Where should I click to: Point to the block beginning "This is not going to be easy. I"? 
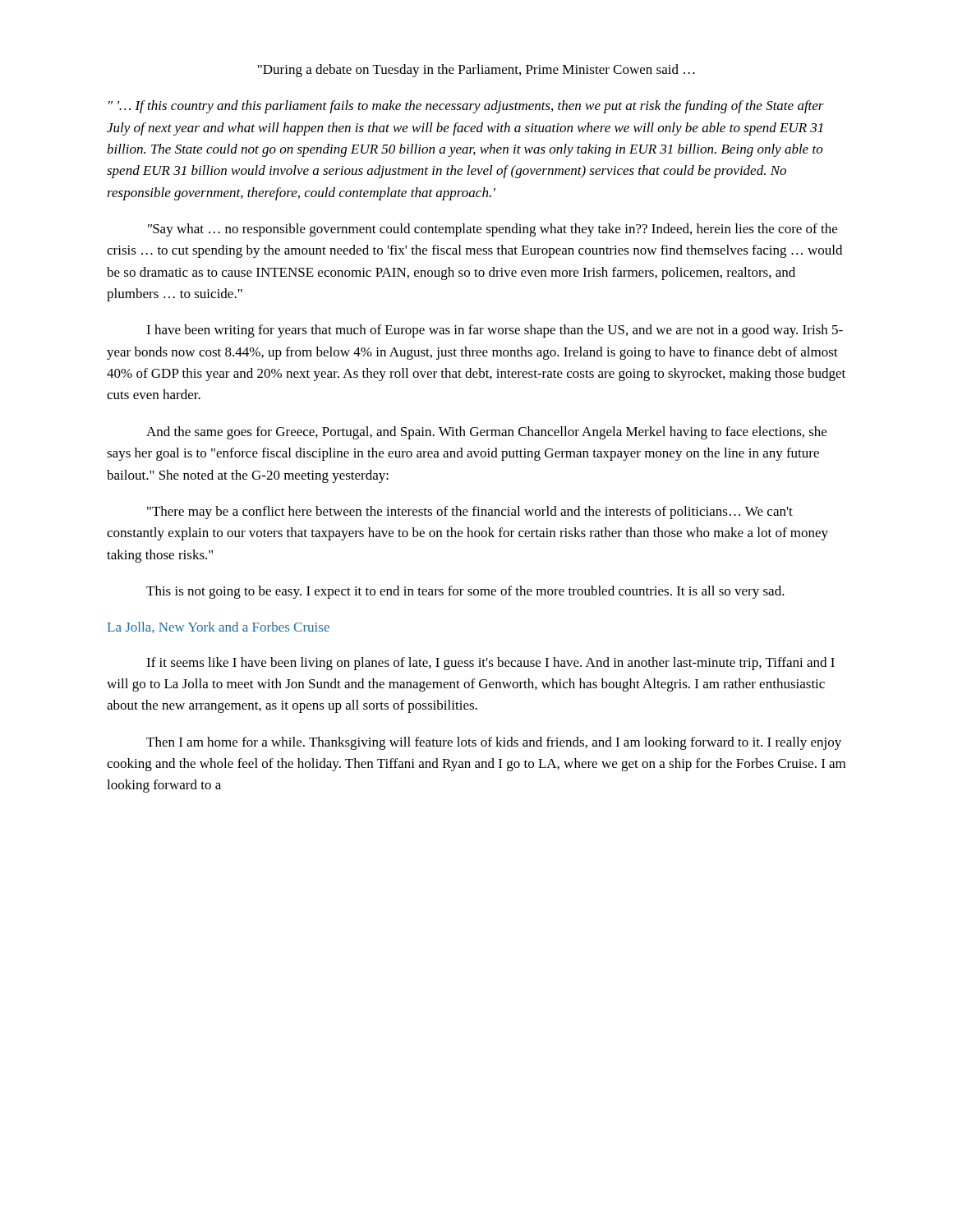click(x=476, y=591)
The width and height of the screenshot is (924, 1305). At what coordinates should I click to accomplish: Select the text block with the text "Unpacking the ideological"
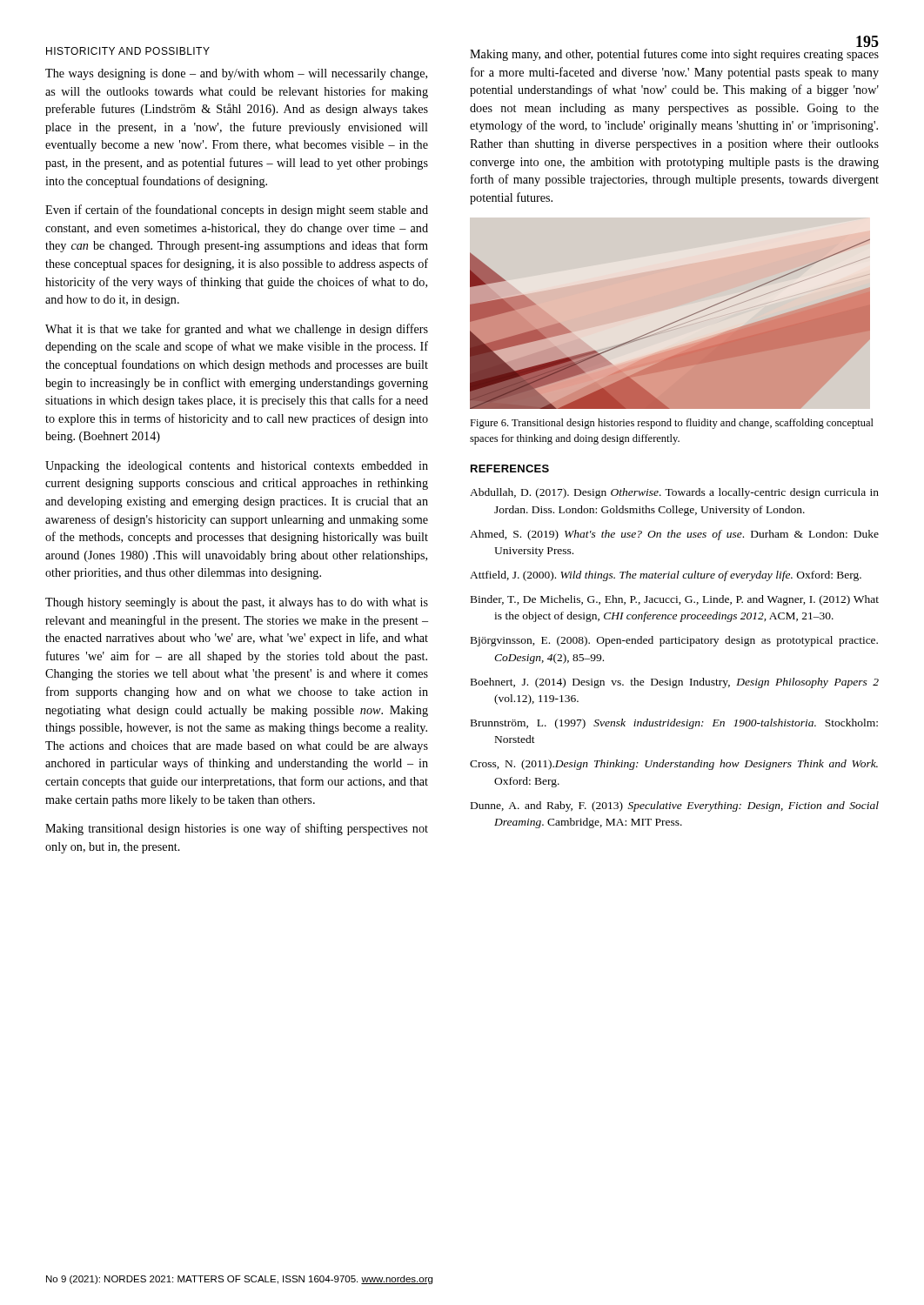click(237, 519)
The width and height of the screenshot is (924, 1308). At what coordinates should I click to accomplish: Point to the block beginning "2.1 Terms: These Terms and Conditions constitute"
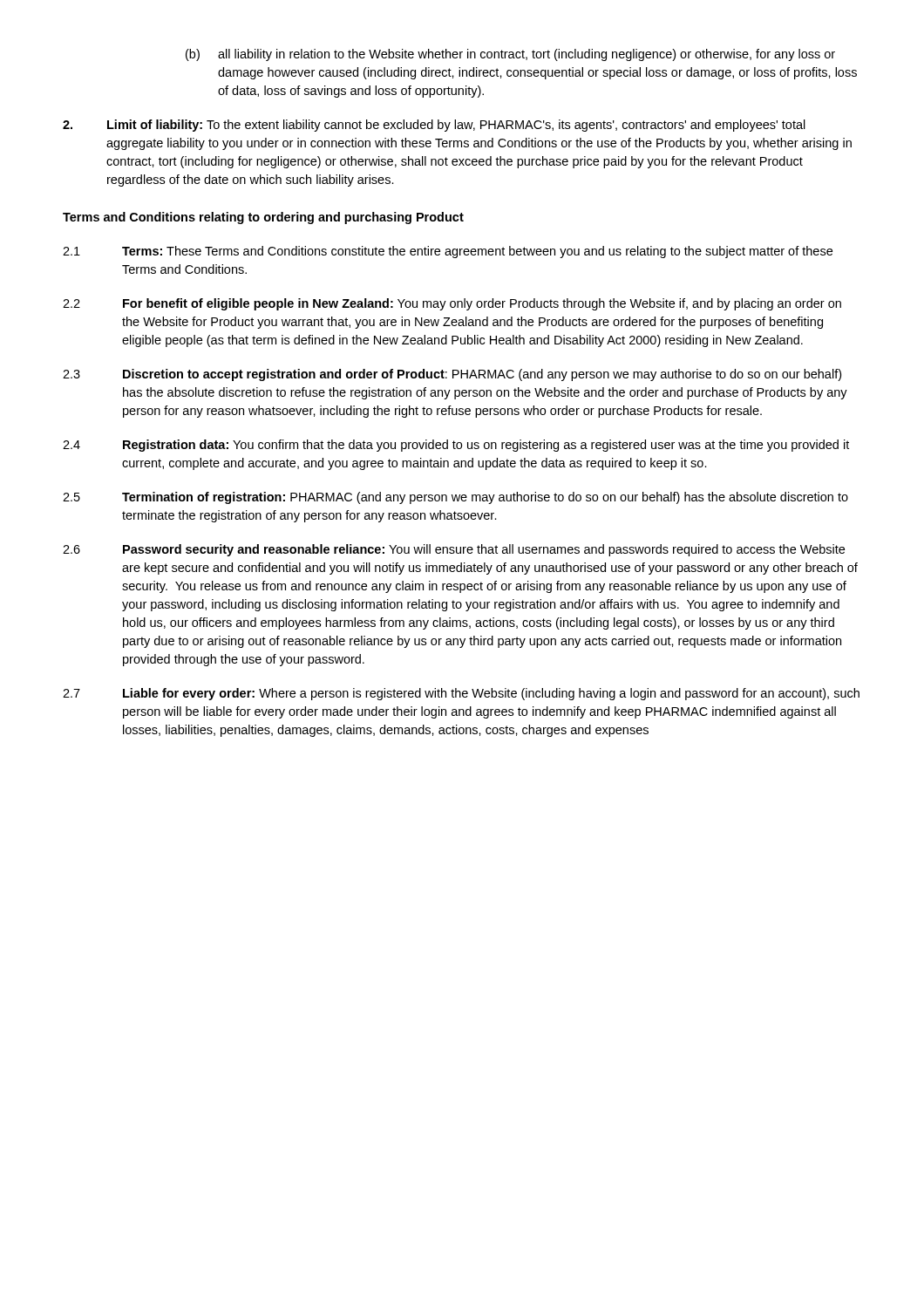(462, 261)
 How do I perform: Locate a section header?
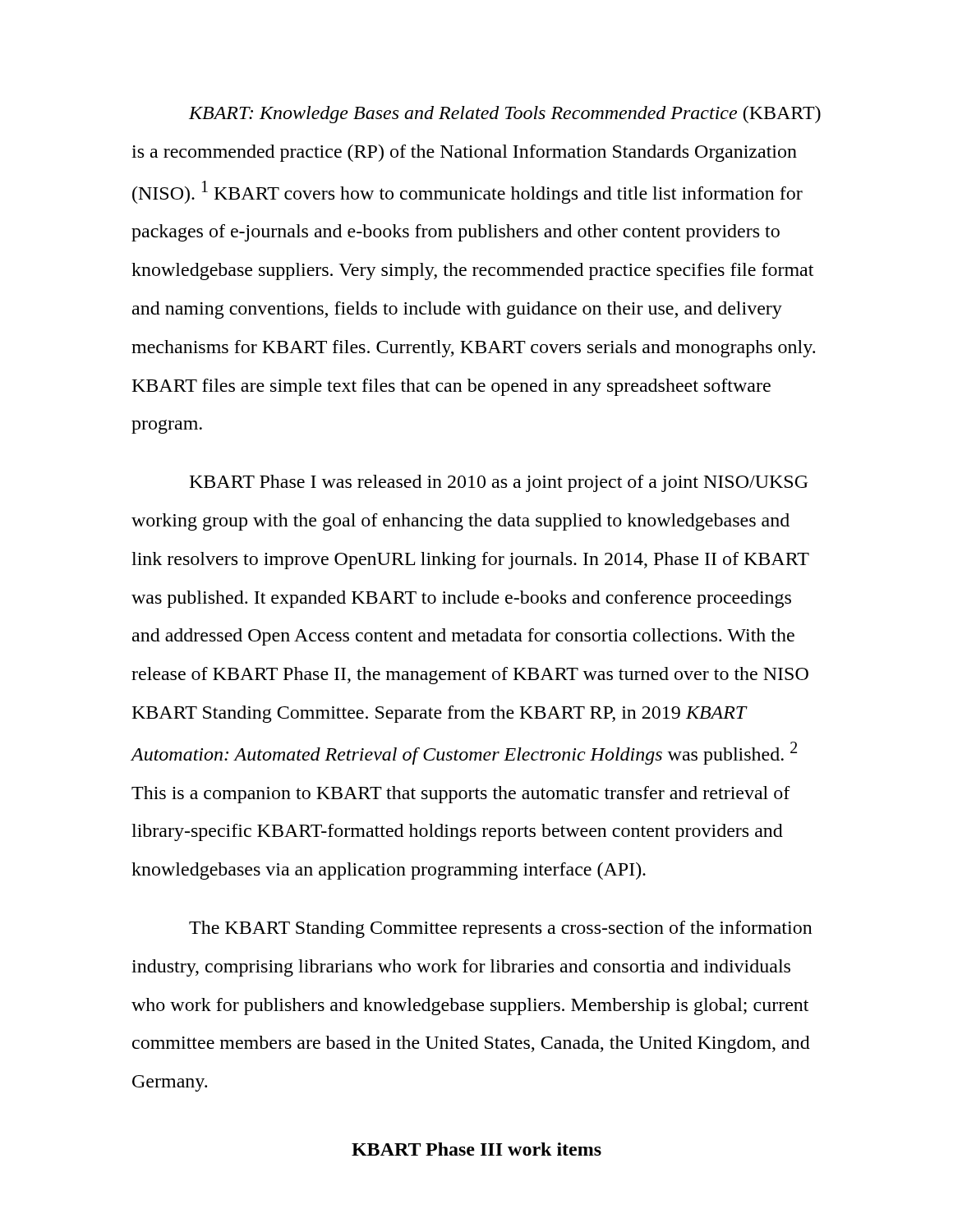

::::::::

• To do:
Transcribe the listing exactly. Its images are to be omitted.

• Exercise response:
Where should I click to: Point to the block beginning "This is not going to be easy. I"? 
click(x=476, y=591)
The width and height of the screenshot is (924, 1305). At what coordinates should I click to accomplish: Select the text block with the text "Unpacking the ideological"
click(237, 519)
The width and height of the screenshot is (924, 1308). At what coordinates should I click to accomplish: Point to the block beginning "2.1 Terms: These Terms and Conditions constitute"
(462, 261)
 How do I perform: Locate a section header?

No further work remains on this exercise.